_EXERCISE_:
Within these entries, which lines include the string "objects"? Copy each one.

_RECORD EXCERPTS_:

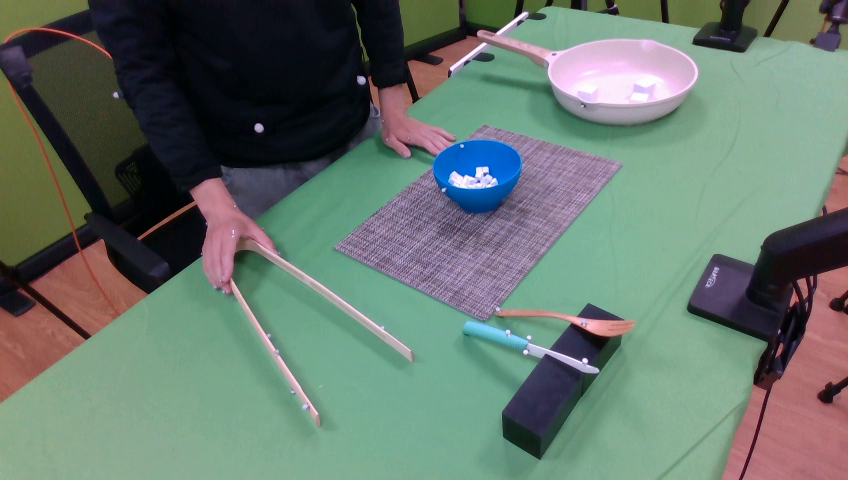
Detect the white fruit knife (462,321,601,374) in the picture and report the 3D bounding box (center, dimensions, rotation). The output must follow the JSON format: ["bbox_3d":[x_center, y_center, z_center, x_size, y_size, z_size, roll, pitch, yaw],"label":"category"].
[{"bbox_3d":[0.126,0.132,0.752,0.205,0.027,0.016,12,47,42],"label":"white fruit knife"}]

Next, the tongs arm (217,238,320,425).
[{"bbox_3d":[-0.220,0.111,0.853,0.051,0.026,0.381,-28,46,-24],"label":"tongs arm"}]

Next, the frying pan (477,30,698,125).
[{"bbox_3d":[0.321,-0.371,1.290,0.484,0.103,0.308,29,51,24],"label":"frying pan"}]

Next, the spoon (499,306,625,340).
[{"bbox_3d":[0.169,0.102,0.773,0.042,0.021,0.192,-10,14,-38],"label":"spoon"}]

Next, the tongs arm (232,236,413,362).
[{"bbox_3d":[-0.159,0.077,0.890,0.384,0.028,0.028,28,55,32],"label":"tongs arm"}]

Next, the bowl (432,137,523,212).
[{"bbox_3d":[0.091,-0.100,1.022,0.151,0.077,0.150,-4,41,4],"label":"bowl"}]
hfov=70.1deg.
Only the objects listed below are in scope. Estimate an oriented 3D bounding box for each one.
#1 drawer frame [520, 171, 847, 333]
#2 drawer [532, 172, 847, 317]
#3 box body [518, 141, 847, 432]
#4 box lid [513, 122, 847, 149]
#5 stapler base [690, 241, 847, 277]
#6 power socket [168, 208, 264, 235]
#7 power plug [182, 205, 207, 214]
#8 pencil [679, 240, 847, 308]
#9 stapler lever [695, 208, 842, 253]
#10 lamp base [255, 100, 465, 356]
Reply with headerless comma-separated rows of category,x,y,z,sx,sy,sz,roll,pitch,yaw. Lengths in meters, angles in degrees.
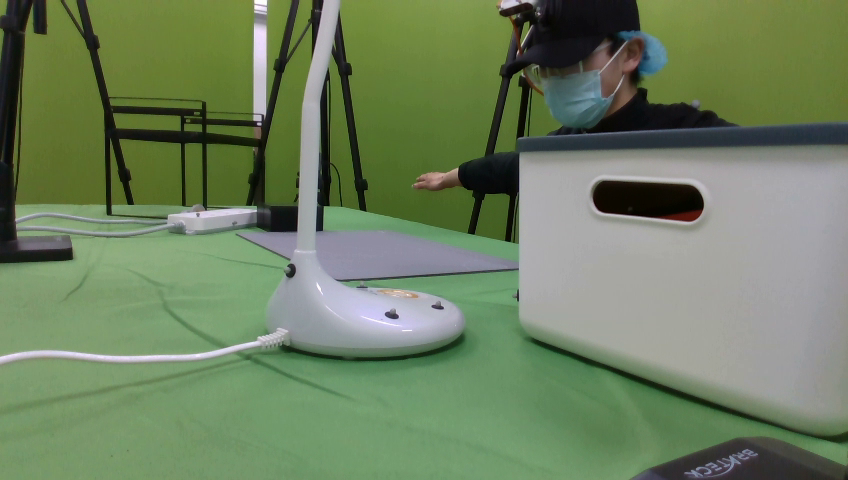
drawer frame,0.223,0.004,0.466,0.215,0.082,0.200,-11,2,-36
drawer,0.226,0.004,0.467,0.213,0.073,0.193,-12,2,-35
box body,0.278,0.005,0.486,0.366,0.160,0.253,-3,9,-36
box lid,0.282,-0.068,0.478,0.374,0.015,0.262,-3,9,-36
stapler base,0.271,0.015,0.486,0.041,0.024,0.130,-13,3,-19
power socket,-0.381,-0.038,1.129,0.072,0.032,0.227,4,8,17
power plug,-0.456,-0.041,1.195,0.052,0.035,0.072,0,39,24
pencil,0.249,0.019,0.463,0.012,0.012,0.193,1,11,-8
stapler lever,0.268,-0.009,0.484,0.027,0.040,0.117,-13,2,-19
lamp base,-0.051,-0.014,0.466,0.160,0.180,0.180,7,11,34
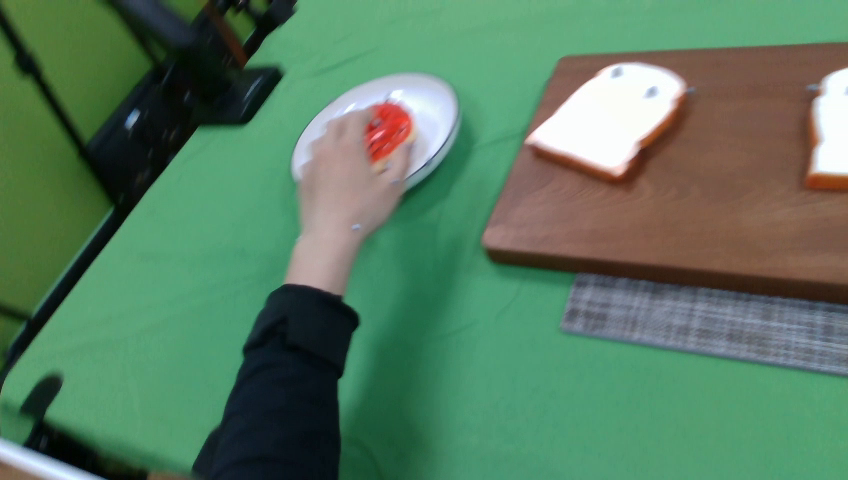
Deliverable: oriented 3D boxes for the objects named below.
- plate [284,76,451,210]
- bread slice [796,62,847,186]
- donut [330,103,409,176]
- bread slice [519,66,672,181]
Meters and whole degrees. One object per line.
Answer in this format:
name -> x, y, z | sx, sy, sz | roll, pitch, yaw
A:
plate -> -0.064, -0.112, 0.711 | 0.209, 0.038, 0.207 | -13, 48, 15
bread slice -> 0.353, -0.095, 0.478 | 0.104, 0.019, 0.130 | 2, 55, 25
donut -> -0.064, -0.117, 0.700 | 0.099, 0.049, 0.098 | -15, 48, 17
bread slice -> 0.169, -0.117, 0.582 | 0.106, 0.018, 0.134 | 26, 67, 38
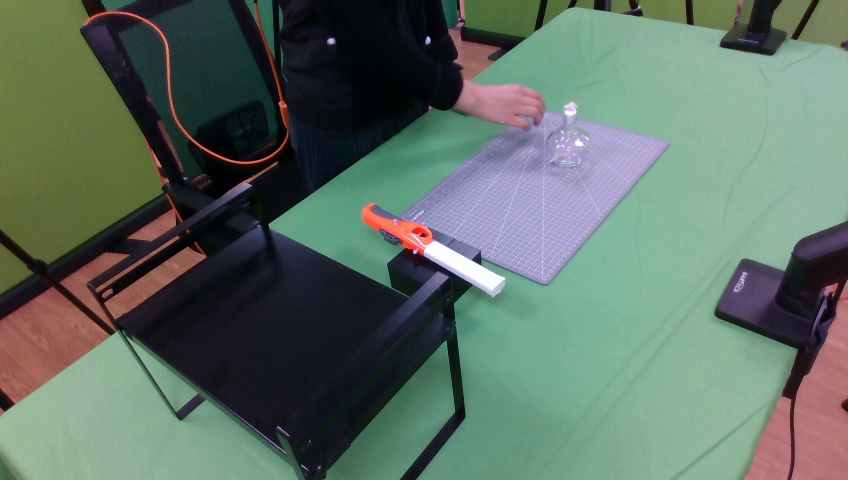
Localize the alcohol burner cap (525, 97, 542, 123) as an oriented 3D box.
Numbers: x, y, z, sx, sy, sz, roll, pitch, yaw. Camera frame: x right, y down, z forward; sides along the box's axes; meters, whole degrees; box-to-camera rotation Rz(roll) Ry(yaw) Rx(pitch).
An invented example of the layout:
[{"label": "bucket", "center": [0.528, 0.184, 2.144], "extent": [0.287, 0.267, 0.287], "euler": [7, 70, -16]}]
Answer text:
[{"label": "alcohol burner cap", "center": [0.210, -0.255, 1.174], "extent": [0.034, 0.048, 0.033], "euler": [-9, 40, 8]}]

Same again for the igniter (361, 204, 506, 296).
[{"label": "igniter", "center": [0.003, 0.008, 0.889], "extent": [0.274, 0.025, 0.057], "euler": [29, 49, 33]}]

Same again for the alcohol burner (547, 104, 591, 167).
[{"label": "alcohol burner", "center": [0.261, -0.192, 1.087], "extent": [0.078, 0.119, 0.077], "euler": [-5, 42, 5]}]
...
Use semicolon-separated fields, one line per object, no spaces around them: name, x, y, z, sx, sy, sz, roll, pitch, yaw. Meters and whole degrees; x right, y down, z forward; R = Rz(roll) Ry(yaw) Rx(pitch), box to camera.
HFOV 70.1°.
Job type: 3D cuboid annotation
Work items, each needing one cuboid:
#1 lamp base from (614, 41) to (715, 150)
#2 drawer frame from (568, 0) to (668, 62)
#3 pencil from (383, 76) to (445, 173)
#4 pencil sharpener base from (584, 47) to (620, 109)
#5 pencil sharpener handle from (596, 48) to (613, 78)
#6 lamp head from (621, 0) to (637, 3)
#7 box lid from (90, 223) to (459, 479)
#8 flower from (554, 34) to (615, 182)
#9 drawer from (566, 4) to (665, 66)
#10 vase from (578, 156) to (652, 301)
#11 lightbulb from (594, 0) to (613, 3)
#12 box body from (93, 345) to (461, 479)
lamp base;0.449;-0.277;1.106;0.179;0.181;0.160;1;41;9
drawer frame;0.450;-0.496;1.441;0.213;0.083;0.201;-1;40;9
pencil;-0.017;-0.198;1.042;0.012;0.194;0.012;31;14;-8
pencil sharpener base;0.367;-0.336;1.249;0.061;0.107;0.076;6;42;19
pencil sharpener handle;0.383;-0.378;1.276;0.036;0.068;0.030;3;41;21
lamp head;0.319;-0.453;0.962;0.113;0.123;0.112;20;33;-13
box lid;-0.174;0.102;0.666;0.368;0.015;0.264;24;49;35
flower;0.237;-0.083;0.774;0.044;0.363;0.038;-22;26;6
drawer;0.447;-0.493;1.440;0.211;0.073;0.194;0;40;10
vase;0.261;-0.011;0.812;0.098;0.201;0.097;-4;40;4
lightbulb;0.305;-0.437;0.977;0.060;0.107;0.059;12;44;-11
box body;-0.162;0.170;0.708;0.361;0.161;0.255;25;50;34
==
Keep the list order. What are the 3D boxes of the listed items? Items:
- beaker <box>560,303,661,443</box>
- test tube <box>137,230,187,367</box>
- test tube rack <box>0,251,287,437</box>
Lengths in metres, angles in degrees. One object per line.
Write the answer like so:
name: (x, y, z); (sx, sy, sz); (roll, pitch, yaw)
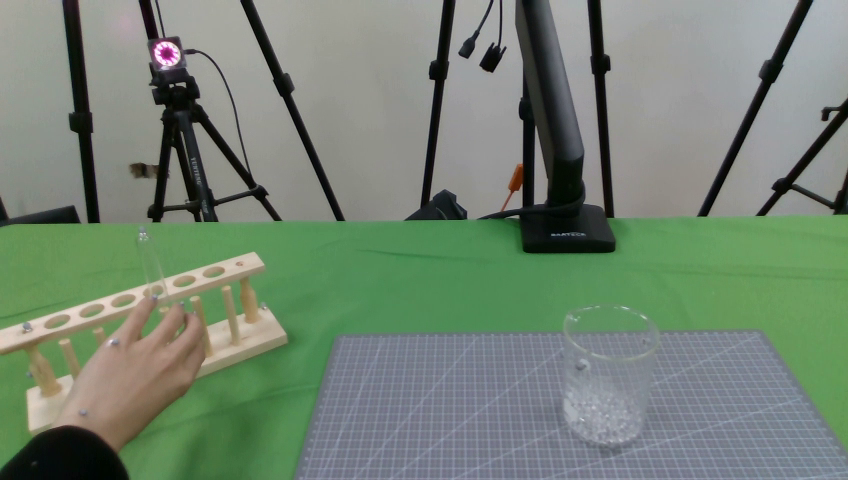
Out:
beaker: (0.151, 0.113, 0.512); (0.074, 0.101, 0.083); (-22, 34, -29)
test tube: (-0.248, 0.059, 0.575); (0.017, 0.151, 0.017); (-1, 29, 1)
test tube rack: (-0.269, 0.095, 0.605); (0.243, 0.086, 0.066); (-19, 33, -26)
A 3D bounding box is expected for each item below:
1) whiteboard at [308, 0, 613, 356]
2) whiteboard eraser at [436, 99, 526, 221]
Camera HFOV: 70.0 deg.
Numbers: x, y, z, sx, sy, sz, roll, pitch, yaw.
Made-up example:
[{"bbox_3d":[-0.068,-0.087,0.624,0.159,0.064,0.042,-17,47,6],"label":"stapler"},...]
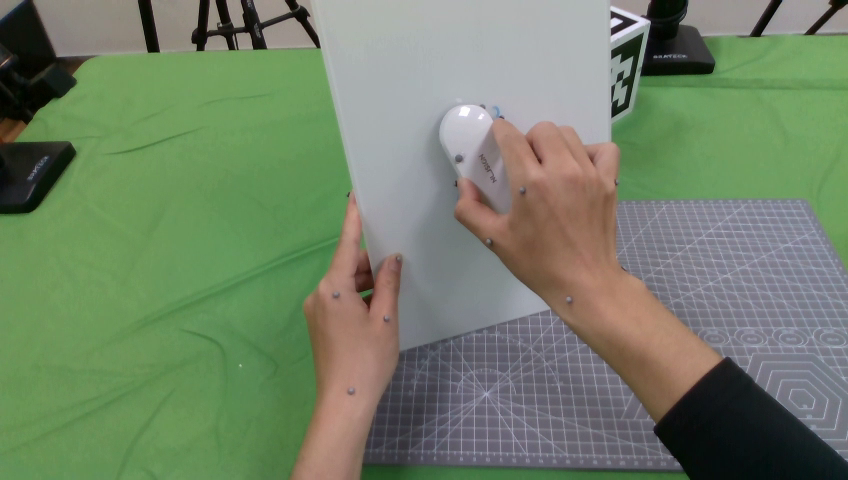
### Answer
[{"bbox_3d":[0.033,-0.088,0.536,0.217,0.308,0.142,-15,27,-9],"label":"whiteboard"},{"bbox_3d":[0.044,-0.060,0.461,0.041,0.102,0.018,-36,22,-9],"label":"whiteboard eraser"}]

_RESULT OF THIS TASK_:
Only the objects listed below are in scope. Estimate an oriented 3D bounding box for each one.
Deliverable: oriented 3D boxes for the objects named below.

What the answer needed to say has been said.